Estimating Dense-Packed Zone Height in Liquid-Liquid Separation: A Physics-Informed Neural Network Approach
Mehmet Velioglu, Song Zhai, Alexander Mitsos, Adel Mhamdi, Andreas Jupke, Manuel Dahmen

TL;DR
This paper introduces a physics-informed neural network framework combined with flow measurements to estimate liquid-liquid phase heights in separators, reducing the need for direct measurements and improving accuracy.
Contribution
It develops a two-stage training approach for PINNs using synthetic and scarce experimental data, enhancing phase height estimation in liquid-liquid separation processes.
Findings
Two-stage trained PINN outperforms purely data-driven models in accuracy.
The framework effectively tracks phase heights using flow measurements only.
Ensemble training accounts for model parameter uncertainty.
Abstract
Separating liquid-liquid dispersions in gravity settlers is critical in chemical, pharmaceutical, and recycling processes.

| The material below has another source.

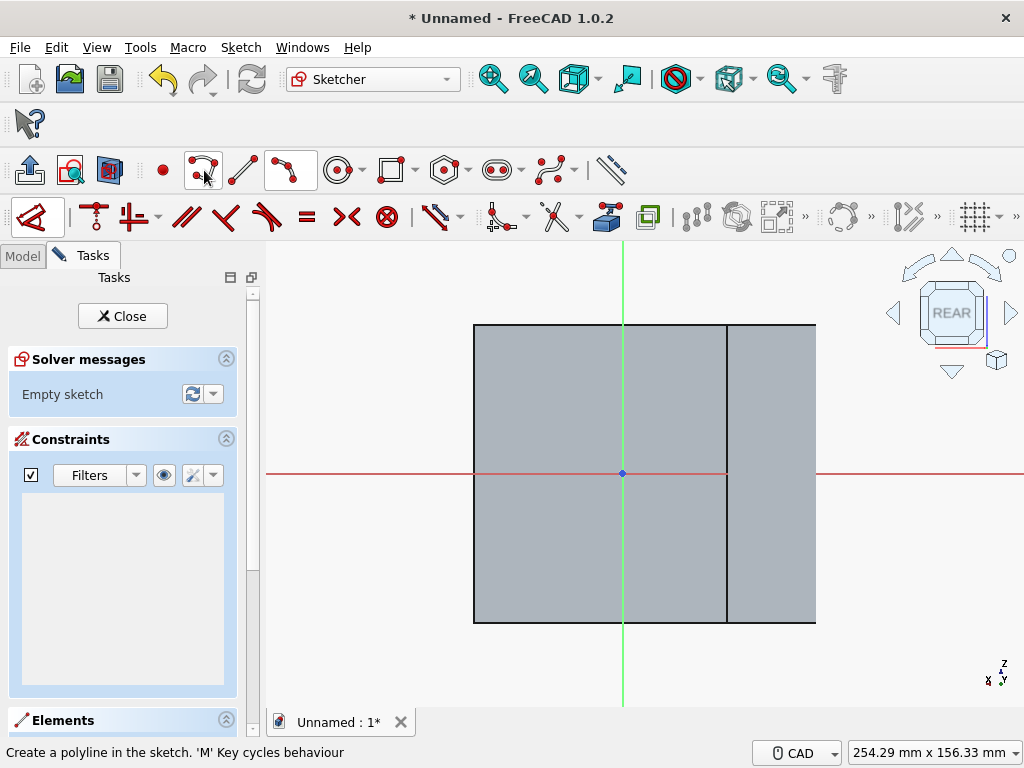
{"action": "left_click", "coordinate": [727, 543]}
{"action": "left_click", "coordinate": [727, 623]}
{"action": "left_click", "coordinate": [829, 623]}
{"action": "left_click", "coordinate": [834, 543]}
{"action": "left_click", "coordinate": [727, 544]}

The dense-packed zone height is an important performance and safety indicator but it is often expensive and impractical to measure due to optical limitations. We propose a framework to estimate phase heights by combining a PINN model with readily available volume flow measurements, without requiring phase height measurements during deployment. To this end, a physics-informed neural network (PINN) is first pretrained on synthetic data and physics equations derived from a low-fidelity (approximate) mechanistic model to reduce the need for extensive experimental data. While the mechanistic model is used to generate synthetic training data, only volume balance equations are used in the PINN, as incorporating droplet coalescence and sedimentation submodels would be…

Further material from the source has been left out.